Rubí E. Rodríguez; Anita M. Rojas; Matías Saavedra-Lagos

doi:10.56754/0719-0646.2702.285

DOI:

https://doi.org/10.56754/0719-0646.2702.285

Abstract

In this brief note, we present a method to construct explicitly all irreducible representations of finite groups over a number field, up to equivalence. As a byproduct, we describe how to find the irreducible representations of the generalized quaternion group \(Q(2^{n})\), of order \(2^{n}\), over a field \(L\), where \(\mathbb{Q}\leq L\leq \mathbb{Q}(\xi_{2^{n-1}})\) and \(\xi_{2^{n-1}}\) a primitive \(2^{n-1}\)-root of unity.

Resumen

En esta breve nota, presentamos un método para construir explícitamente todas las representaciones irreducibles de grupos finitos sobre un cuerpo de números, salvo equivalencia.

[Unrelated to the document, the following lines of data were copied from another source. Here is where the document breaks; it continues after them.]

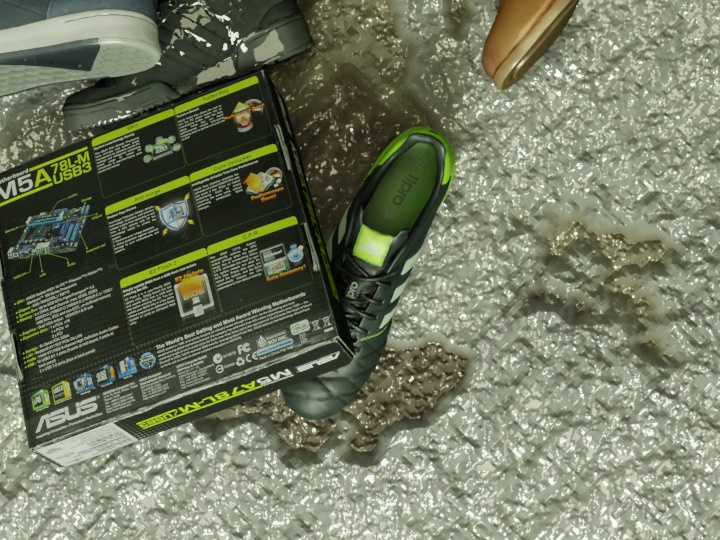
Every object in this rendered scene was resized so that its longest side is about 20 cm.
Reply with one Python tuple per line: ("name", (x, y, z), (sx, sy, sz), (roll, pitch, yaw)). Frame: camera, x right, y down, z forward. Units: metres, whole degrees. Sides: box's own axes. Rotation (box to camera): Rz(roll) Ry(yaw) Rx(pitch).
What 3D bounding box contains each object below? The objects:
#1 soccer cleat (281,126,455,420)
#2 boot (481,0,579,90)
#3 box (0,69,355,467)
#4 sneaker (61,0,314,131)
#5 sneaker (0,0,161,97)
("soccer cleat", (0.000, 0.000, 0.850), (0.067, 0.081, 0.200), (25, 90, 4))
("boot", (0.079, -0.225, 0.859), (0.155, 0.074, 0.200), (27, 78, 3))
("box", (-0.122, -0.003, 0.837), (0.200, 0.048, 0.193), (-21, 62, 7))
("sneaker", (-0.107, -0.167, 0.869), (0.200, 0.060, 0.104), (-21, 99, -4))
("sneaker", (-0.217, -0.183, 0.816), (0.202, 0.077, 0.146), (-6, 80, 11))
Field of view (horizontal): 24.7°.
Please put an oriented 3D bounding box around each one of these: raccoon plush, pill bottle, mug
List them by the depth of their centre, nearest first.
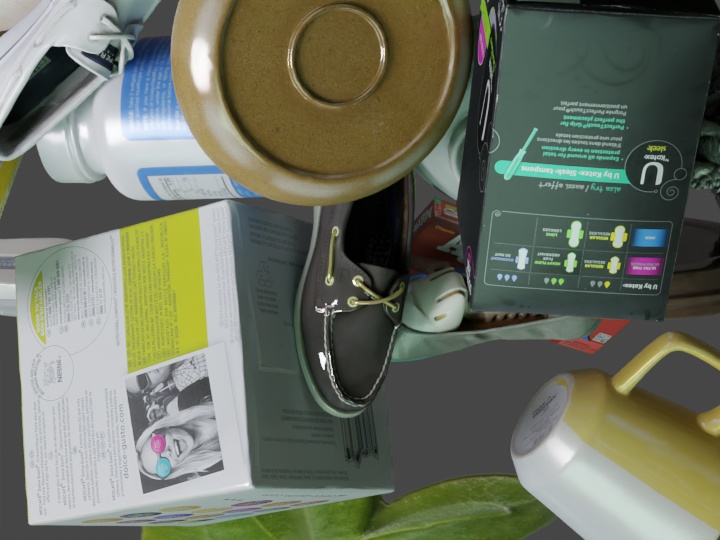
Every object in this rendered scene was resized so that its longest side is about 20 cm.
[{"bbox_3d":[0.258,-0.059,1.064,0.097,0.134,0.200,-10,137,23],"label":"raccoon plush"},{"bbox_3d":[-0.112,-0.104,1.111,0.200,0.112,0.112,0,140,13],"label":"pill bottle"},{"bbox_3d":[0.217,0.141,1.350,0.153,0.187,0.149,32,170,-13],"label":"mug"}]

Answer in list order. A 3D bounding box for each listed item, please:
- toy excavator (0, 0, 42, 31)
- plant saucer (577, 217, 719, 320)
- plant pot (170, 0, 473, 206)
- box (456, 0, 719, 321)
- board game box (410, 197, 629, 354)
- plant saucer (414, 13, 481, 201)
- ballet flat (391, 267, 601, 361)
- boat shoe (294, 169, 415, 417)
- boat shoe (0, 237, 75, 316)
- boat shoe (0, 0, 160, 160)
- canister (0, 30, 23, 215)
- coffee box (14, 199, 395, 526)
[{"bbox_3d":[-0.295,-0.191,1.038,0.194,0.100,0.200,-29,140,7],"label":"toy excavator"},{"bbox_3d":[0.186,-0.006,1.118,0.200,0.200,0.029,1,106,11],"label":"plant saucer"},{"bbox_3d":[-0.017,-0.134,1.016,0.200,0.027,0.200,-7,108,-20],"label":"plant pot"},{"bbox_3d":[0.130,-0.091,0.991,0.124,0.149,0.200,3,121,-1],"label":"box"},{"bbox_3d":[0.120,0.007,1.251,0.200,0.019,0.103,17,141,-20],"label":"board game box"},{"bbox_3d":[0.116,-0.089,1.128,0.200,0.050,0.200,6,141,5],"label":"plant saucer"},{"bbox_3d":[0.083,0.021,1.194,0.200,0.067,0.064,-5,141,-11],"label":"ballet flat"},{"bbox_3d":[0.000,0.000,1.139,0.072,0.201,0.061,9,166,-27],"label":"boat shoe"},{"bbox_3d":[-0.309,0.007,1.334,0.200,0.072,0.069,-1,141,-1],"label":"boat shoe"},{"bbox_3d":[-0.172,-0.148,1.051,0.200,0.065,0.074,-45,143,16],"label":"boat shoe"},{"bbox_3d":[-0.294,-0.074,1.116,0.087,0.200,0.149,-2,140,15],"label":"canister"},{"bbox_3d":[-0.114,0.078,1.210,0.198,0.200,0.200,-13,166,28],"label":"coffee box"}]

Como subproducto, describimos cómo encontrar las representaciones irreducibles del grupo de cuaterniones generalizado \(Q(2^{n})\), de orden \(2^{n}\), sobre un cuerpo \(L\), con \(\mathbb{Q}\leq L\leq \mathbb{Q}(\xi_{2^{n-1}})\) y \(\xi_{2^{n-1}}\) una raíz \(2^{n-1}\)-ésima primitiva de la unidad.

Keywords

Irreducible representations , finite groups

Mathematics Subject Classification:

20C05

Rubí E. Rodríguez Departamento de Matemática y Estadística, Universidad de La Frontera, Temuco, Chile. https://orcid.org/0000-0001-9456-4330
Anita M. Rojas Departamento de Matemáticas, Facultad de Ciencias, Universidad de Chile, Santiago, Chile. https://orcid.org/0000-0001-5807-7383
Matías Saavedra-Lagos Departamento de Matemáticas, Facultad de Ciencias, Universidad de Chile, Santiago, Chile. https://orcid.org/0009-0002-7802-5761

Pages: 285–306
Date Published: 2025-09-17
Vol. 27 No. 2 (2025): Spanish Edition (40th Anniversary)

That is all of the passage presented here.